The absorption optical density of nutrient broth (Figure 5(a)), nutrient broth suspension with only photocatalyst (Figure 5(b)), and nutrient broth bacteria suspensions (Figure 5(c)) measured from 240 nm to 800 nm was illustrated in Figure 5. Figure 5(d) was the difference between the value of photocatalyst suspension with bacteria (Figure 5(c)) and without bacteria (Figure 5(b)), in order to eliminate the influence of light scattering of nanoparticles in experiment suspension. According to Figures 5(a)–5(d), all nutrient broth suspension measured showed an absorption peak in 315 nm. The OD value of the nutrient broth suspensions was bigger than 1 even up to 4 at the UV region (refer to Figure 5(a)), which was far beyond the liner region (0–0.4), and both TiO2 and N-doped nanoparticles have high absorption in UV region (Figure 3). In addition, the nutrient broth was used as the baseline liquid of measurement and there were nanoparticles in the experimental suspension, the high OD value in UV region may influence the measurement accuracy. Thus the OD value in UV region cannot be the evaluation. There were crosses between curves according to Figure 5(c), and the crosses were eliminated in Figure 5(d). Thus, it is necessary to use OD value in Figure 5(d) for inactivation efficiency calculation.
At inactivation of S. aureus under 405 nm LED light in our case, the N-doped TiO2 is much better than TiO2 but the inactivation efficiency of which is still far from the requirement of application in air-purifying. Although it is feasible to enhance photocatalyst inactivation efficiency of N-doped TiO2 under 405 nm irradiation by increasing the concentration of photocatalytic, it is wasteful and not environment-friendly to use too much nanoparticles. There is also another way to enhance the photocatalyst inactivation efficiency, which is to increase the N-doped concentration . Of course, there are other factors, such as types of the crystal surfaces , types of photocatalytic, and strains of bacteria , influencing the inactivation efficiency besides the photocatalytic activity.

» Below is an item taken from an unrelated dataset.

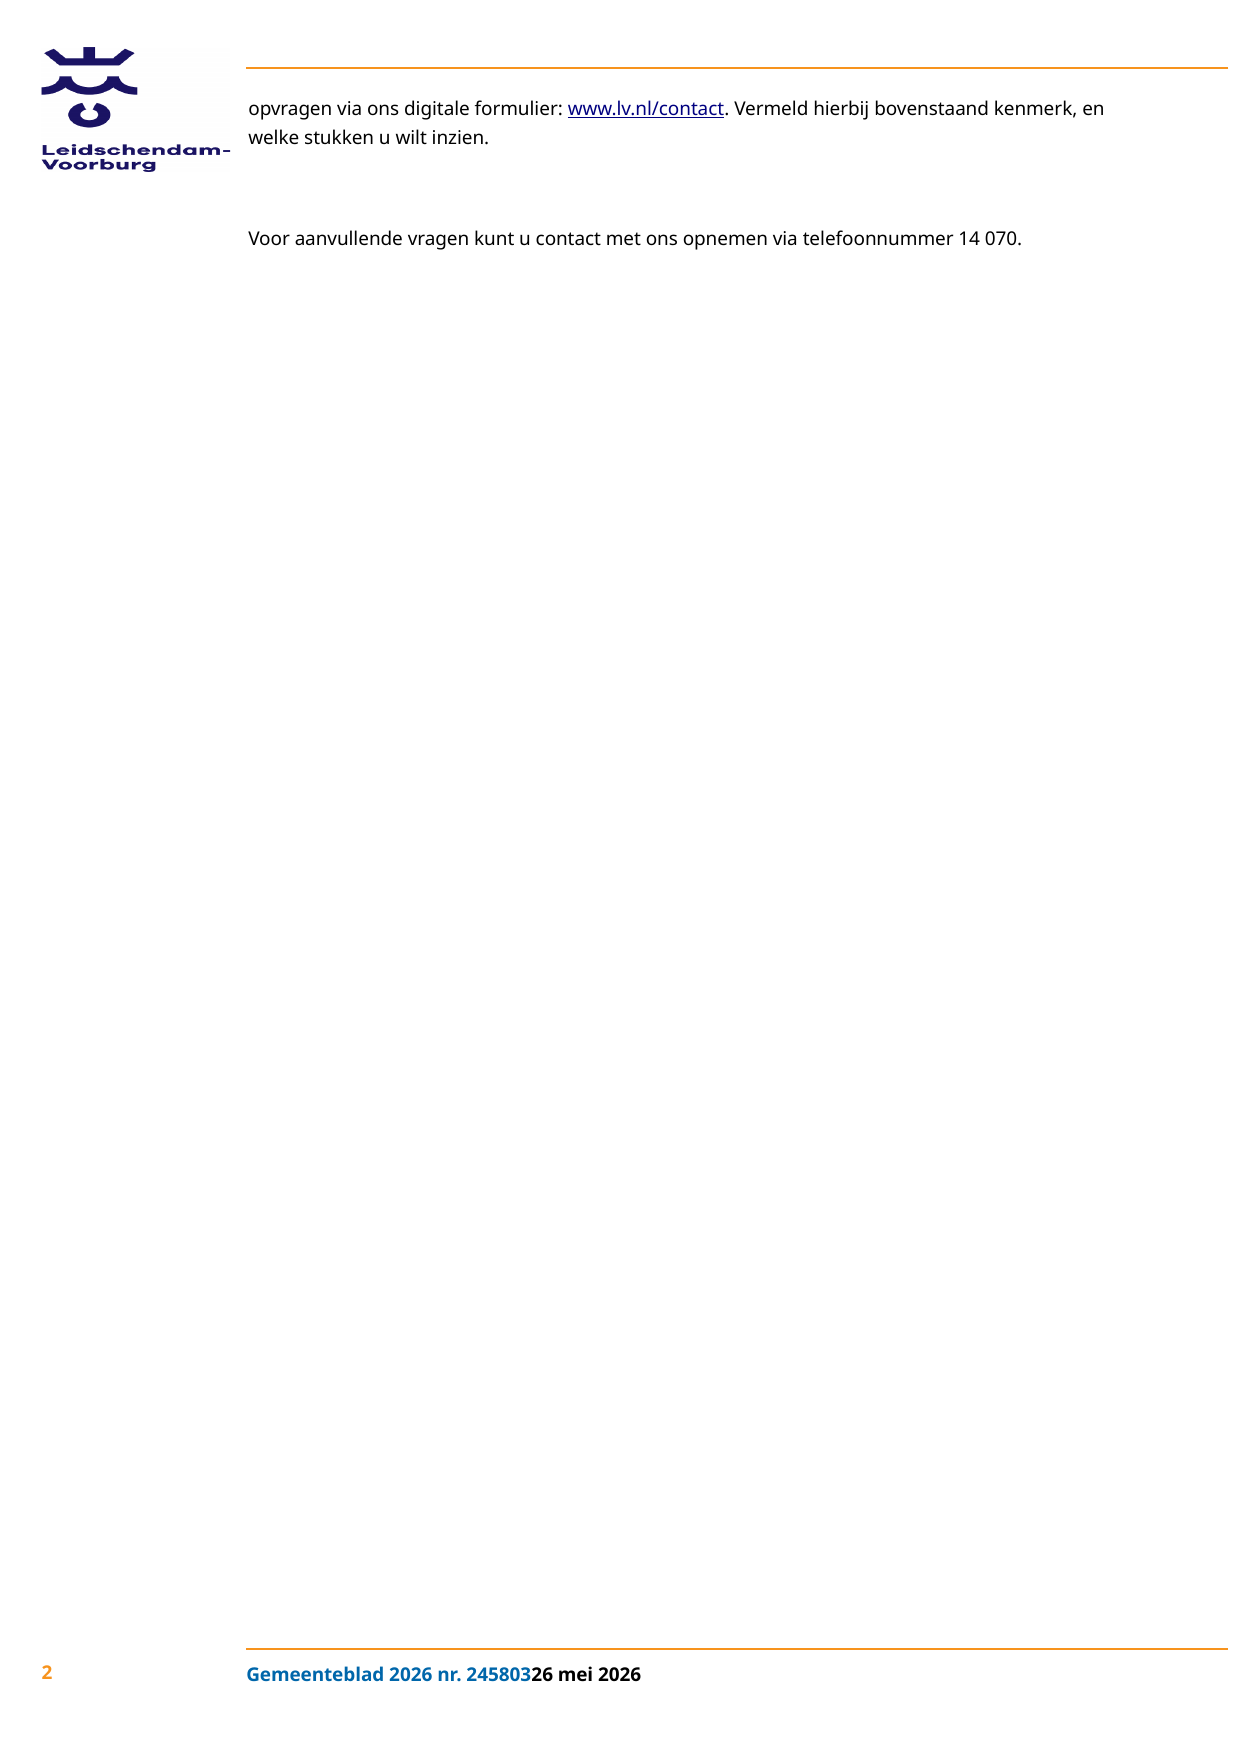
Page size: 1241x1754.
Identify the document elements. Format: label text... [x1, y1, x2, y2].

picture [41, 47, 231, 172]
text Voor aanvullende vragen kunt u contact met ons opnemen via telefoonnummer 14 070. [248, 225, 1152, 251]
text opvragen via ons digitale formulier: www.lv.nl/contact. Vermeld hierbij bovenstaand kenmerk, en welke stukken u wilt inzien. [248, 95, 1152, 150]

In summary, we investigated the inactivation effects of pure TiO2 and N-doped TiO2 products over S. aureus under the irradiation of 405 nm LED light. Under similar conditions, N-doped TiO2 powder with the increased absorption ability to light shows enhanced activities for inactivation of S. aureus than pure TiO2. Thus, using photocatalytic process with the assistance of LED light is a promising air purification technique in future.
The authors gratefully appreciate the help from Professors Di Chen and her group in Wuhan National Laboratory. Also, they thank the Analytical and Testing Center of Huazhong University Science and Technology for the samples measurements.